Monday, April 09, 2001
School stung by audit
But findings could help Ky. State president
By Charles Wolfe
The Associated Press
FRANKFORT A less flattering report than the audit released last week on Kentucky State University would be hard to imagine.
In dry, accountant's tones, it describes an institution that wasted money and invited larceny because it did not know exactly how much money or property it had, how its money flowed in and out or even who was spending it.
Records were incoherent or nonexistent. University management is unable to ascertain the financial condition of the university, the report from state Auditor Ed Hatchett's office said.
For all its sting, the audit conceivably could help KSU President George Reid, who has battled faculty and regents since his arrival in June 1998 and who effectively is on probation with his current Board of Regents.
One factor in Mr. Reid's favor is that the audit was for his first year the fiscal year that ended June 30, 1999. The audit should have been issued by January of last year, which says something about the state of KSU's internal accounting and seems to support Mr. Reid's defense that problems were inherited, not created, by him.
Moreover, KSU now has brought on board an internal auditor, Wanda Long, and a comptroller, Arthur Moncrief. Ms. Long is well-regarded and gave up a good job at the University of Louisville. Mr. Moncrief has a reputation as a turnaround artist, having previously helped solve financial problems at Alabama State University.
The audit of KSU for fiscal 2000, which was being performed separately, is due next month. Mr. Reid should benefit if it shows significant improvement, which everyone seems to expect, because there was nowhere to go but up.
The audit actually three audits in one was taken over by Mr. Hatchett's office after KSU's accounting firm, PricewaterhouseCoopers, or PWC, quit. A massive embezzlement had been discovered on top of already-terrible record keeping, and PWC faced the unsettling prospect of having to render a disclaimer a statement that no reliable opinion of the university's finances was possible.
Comedy of errors
Accounting firms avoid a disclaimer at all cost because, perhaps perversely, it reflects badly on them. The torch was passed to Mr. Hatchett's office, which dutifully issued disclaimers for all three parts of the audit financial statement, internal controls and administration of federal funds.
In a sense, the audit laid out an expensive comedy of errors and omissions.
The university claimed to have fixed assets land, buildings, furniture and equipment worth $116 million. But there was no documentation for that figure because there was no inventory. Or rather, there was no longer an inventory.
An inventory had at one time been stored on a stand-alone computer. There was no backup, so the record was lost when the computer crashed in 1997.
Proper record keeping is essential for safeguarding property against loss or theft, the auditors pointed out. KSU could not protect what it did not know it had.
The internal accounting staff was neither adequate nor knowledgeable, a condition made worse by the fact that no one seemed to be in charge, much less minding the store.
Reasonable care
The most obvious evidence of that was the case of Janice Phillips, who was hired as a secretary in the accounting office in 1997. In a 10-month period, she managed to steal $845,000 money that was supposed to be paid to various KSU vendors.
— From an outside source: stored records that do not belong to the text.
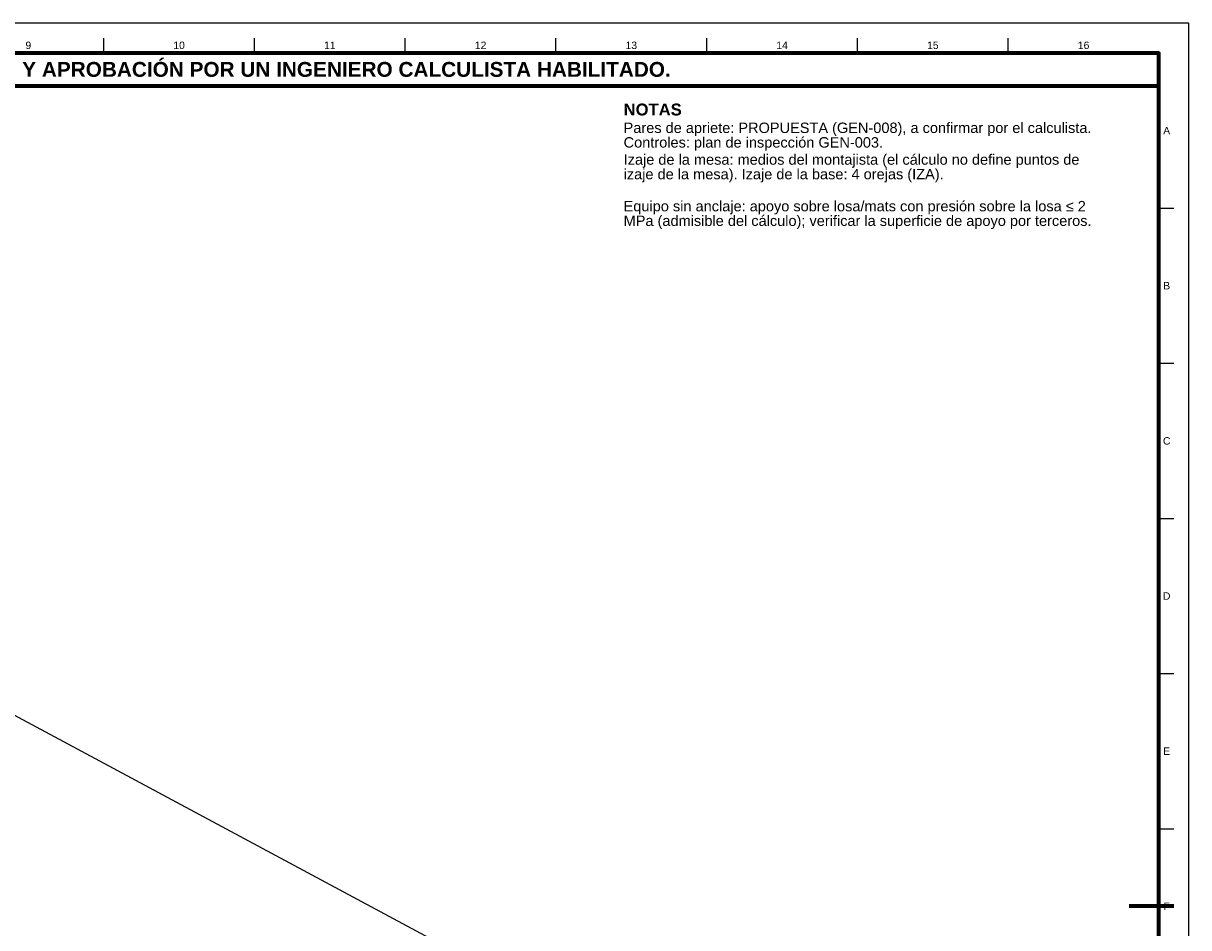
# Model space of a CAD drawing. Header units: millimetres. Extents: x 0 to 841, y 0 to 594.
# Tile 6 of 6: x 449 to 841, y 290 to 594. Entities that reach past the tile are written whole.
import ezdxf
from ezdxf.enums import TextEntityAlignment as Align

# ---------------------------------------------------------------- set-up
doc = ezdxf.new("R2010")
doc.units = ezdxf.units.MM
for name, color, linetype, lineweight in [('FINA', 7, 'CONTINUOUS', 25), ('MARCO', 7, 'CONTINUOUS', 70), ('TXT', 7, 'CONTINUOUS', 25)]:
    doc.layers.add(name, color=color, linetype=linetype, lineweight=lineweight)
doc.styles.add('STD', font='LiberationSans-Regular.ttf')
doc.styles.add('STDB', font='LiberationSans-Bold.ttf')

msp = doc.modelspace()

# ---------------------------------------------------------------- linework, layer by layer
at = {"layer": 'FINA'}
for p, q in [((476.19, 584), (476.19, 589)), ((526.88, 584), (526.88, 589)), ((577.56, 584), (577.56, 589)), ((628.25, 584), (628.25, 589)), ((678.94, 584), (678.94, 589)), ((729.62, 584), (729.62, 589)), ((780.31, 584), (780.31, 589)), ((831, 531.82), (836, 531.82)), ((831, 479.64), (836, 479.64)), ((831, 427.45), (836, 427.45)), ((831, 375.27), (836, 375.27)), ((831, 323.09), (836, 323.09))]:
    msp.add_line(p, q, dxfattribs=at)
msp.add_lwpolyline([(0, 0), (841, 0), (841, 594), (0, 594)], close=True, dxfattribs=at)
msp.add_lwpolyline([(599.5, 278.84), (365.37, 404.55)], dxfattribs=at)
at = {"layer": 'MARCO'}
msp.add_line((836, 297), (821, 297), dxfattribs=at)
for points in [[(20, 10), (831, 10), (831, 584), (20, 584)], [(20, 573), (831, 573), (831, 584), (20, 584)]]:
    msp.add_lwpolyline(points, close=True, dxfattribs=at)

# ---------------------------------------------------------------- texts
at = {"layer": 'TXT'}
for s, height, style, p in [('9', 2.5, 'STD', (450.84, 586.6)), ('10', 2.5, 'STD', (501.53, 586.6)), ('11', 2.5, 'STD', (552.22, 586.6)), ('12', 2.5, 'STD', (602.91, 586.6)), ('13', 2.5, 'STD', (653.59, 586.6)), ('14', 2.5, 'STD', (704.28, 586.6)), ('15', 2.5, 'STD', (754.97, 586.6)), ('16', 2.5, 'STD', (805.66, 586.6)), ('ESTOS PLANOS NO SON VÁLIDOS PARA FABRICACIÓN HASTA SU REVISIÓN Y APROBACIÓN POR UN INGENIERO CALCULISTA HABILITADO.', 5, 'STDB', (425.5, 578.5)), ('A', 2.5, 'STD', (833.6, 557.91)), ('B', 2.5, 'STD', (833.6, 505.73)), ('C', 2.5, 'STD', (833.6, 453.55)), ('D', 2.5, 'STD', (833.6, 401.36)), ('E', 2.5, 'STD', (833.6, 349.18)), ('F', 2.5, 'STD', (833.6, 297))]:
    msp.add_text(s, height=height, dxfattribs=dict(at, style=style)).set_placement(p, align=Align.MIDDLE_CENTER)
for s, height, style, p in [('NOTAS', 4, 'STDB', (651, 567)), ('Pares de apriete: PROPUESTA (GEN-008), a confirmar por el calculista.', 3.5, 'STD', (651, 560.6)), ('Controles: plan de inspección GEN-003.', 3.5, 'STD', (651, 555.7)), ('Izaje de la mesa: medios del montajista (el cálculo no define puntos de', 3.5, 'STD', (651, 549.93)), ('izaje de la mesa). Izaje de la base: 4 orejas (IZA).', 3.5, 'STD', (651, 545.03)), ('Equipo sin anclaje: apoyo sobre losa/mats con presión sobre la losa ≤ 2', 3.5, 'STD', (651, 534.25)), ('MPa (admisible del cálculo); verificar la superficie de apoyo por terceros.', 3.5, 'STD', (651, 529.35))]:
    msp.add_text(s, height=height, dxfattribs=dict(at, style=style)).set_placement(p, align=Align.TOP_LEFT)

doc.saveas('drawing.dxf')

Her single most ambitious pilfer was $196,000 that was owed to the university's food service contractor, a branch of Marriott. Big companies tend to notice when such bills don't get paid. The contractor came looking for its money, and Ms. Phillips was caught.
The auditors concluded she was able to steal simply because the university had left itself wide open to fraud and was not particularly choosy about whom it hired.
In other words, Ms. Phillips may have been a criminal, but she was no criminal mastermind. She didn't have to be.
As part of its corrective action plan, the university pledged to the auditor's office that reasonable care will be taken that key personnel have high standards of integrity, as well as competence.
Audits not enough
KSU's response also noted that employees have been trained to perform bank account reconciliations, which now are being done promptly each month instead of being allowed to pile up, as before.
In the absence of an adequate, knowledgeable accounting staff, KSU relied on audits to detect errors in its financial statement somewhat akin to using a smoke detector as a kitchen timer. Management erroneously considers independent auditors to be part of its financial statement preparation process, the audit said.
In its response, KSU pointed to the hiring of Ms. Long, Mr. Moncrief and a chief financial officer, William Pennell.
Charles Wolfe is a statehouse reporter for The Associated Press.